Arrange oven rack on middle rack, preheat oven to 450 degrees, and coat 9×13-inch baking pan with nonsticking cooking spray.
Remove chicken breasts from brine, rinse with cold water, then pat dry with paper towels.
In a small mixing bowl, mix all spices until well-combined.
In a large mixing bowl, combine chicken breasts, avocado oil, and about 3/4 of spices, keeping some for seasoning the peppers.
Using tongs, toss together until chicken is coated in spices.
Transfer chicken to prepared baking pan and spread cream cheese on top.
Place peppers atop chicken.
Sprinkle remaining spices on top.
Sprinkle shredded mozzarella atop peppers.
Transfer pan to oven to bake until chicken is cooked to an internal temperature of 165 degrees, about 15-17 minutes.
Move oven rack to highest rack, turn on oven broiler, and broil until cheese is golden and bubbly, about 1-2 minutes, watching carefully to ensure it doesn’t burn.
Remove pan from oven, top with optional garnishes, and serve.
Ingredient substitutions
- Chicken Breast: Chicken thighs can be substituted in place of the chicken breast.
- Avocado Oil: You can substitute olive oil at a 1:1 ratio for avocado oil.
- Cream Cheese: You can use vegan cream cheese or, if you consume nuts, almond milk cream cheese at a 1:1 ratio should work.
- Shredded Mozzarella Cheese: Shredded white cheddar cheese would be your best option here.
Keep in mind any changes you make to this recipe will likely modify the overall nutrition info of the dish.
FAQs
Can I use taco seasoning instead of all the spices listed in the recipe?
Yes, note that some taco seasonings contain extra additives you may choose to stay away from (just be sure to check your labels).
I can also not say whether storebought taco seasoning will have a higher or lower salt content than what this recipe calls for, so keep that in mind if you do decide to sub.
At what temperature do I know that the chicken is done?
Cook all chicken to an internal temperature of 165 degrees Fahrenheit.
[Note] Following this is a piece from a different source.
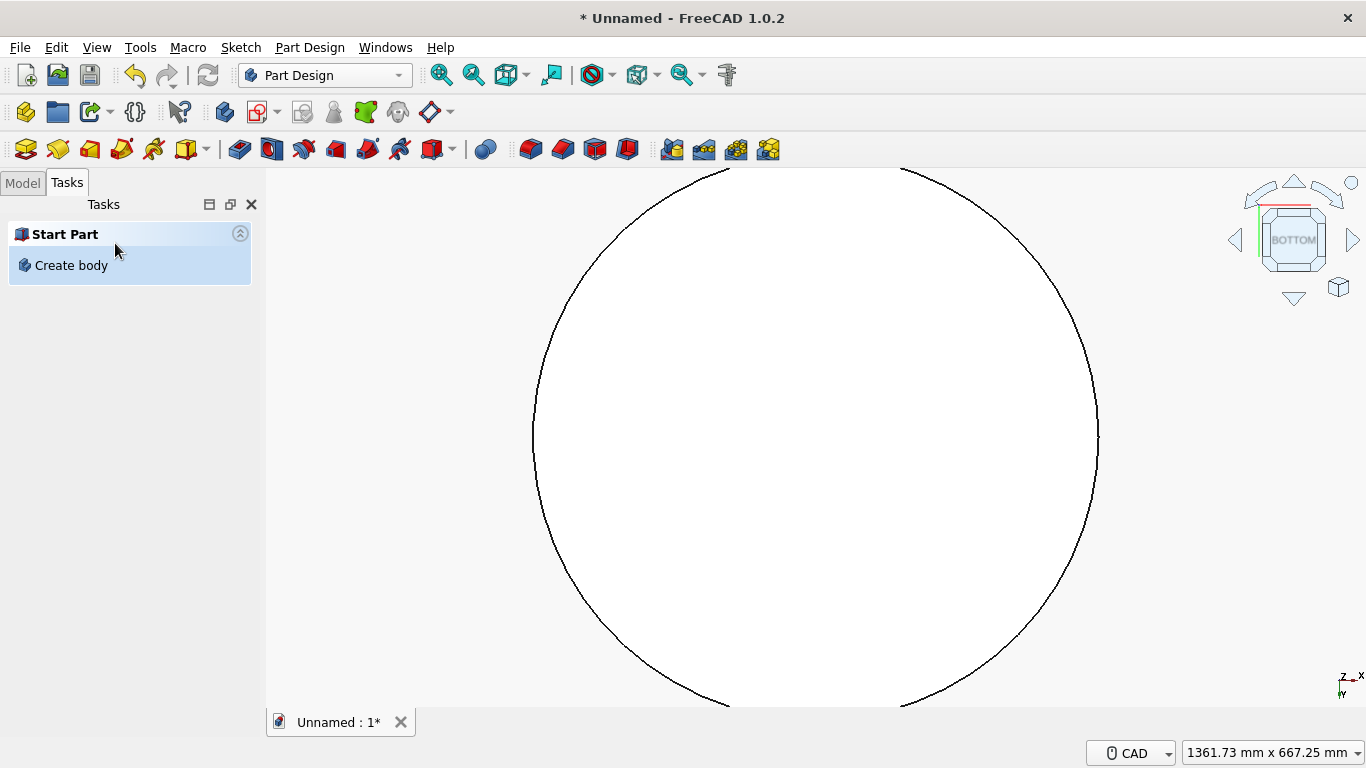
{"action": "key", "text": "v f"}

You can check the temperature with a meat thermometer.
What should I serve with this dish?
We typically have a side salad or some low-carb steamed vegetables (I like the microwaveable frozen vegetable bags that can be steamed in the microwave in ~5 minutes).
How do I store this low-carb chicken fajita bake in the refrigerator?
In an airtight container, you can store this baked cheesy fajita chicken in the refrigerator for up to 4 days.
For best results when reheating, put the chicken bake back in the oven at 325 degrees for about 15 minutes. If you want to reheat just a single serving, you can pop it in the microwave for 1 to 3 minutes, depending on the wattage of your microwave.
Can I freeze cheesy keto fajita chicken?
Absolutely! Store the prepared and ungarnished dish in an airtight container for up to 3 months.
Allow the dish to thaw in the refrigerator overnight before reheating in the microwave or oven.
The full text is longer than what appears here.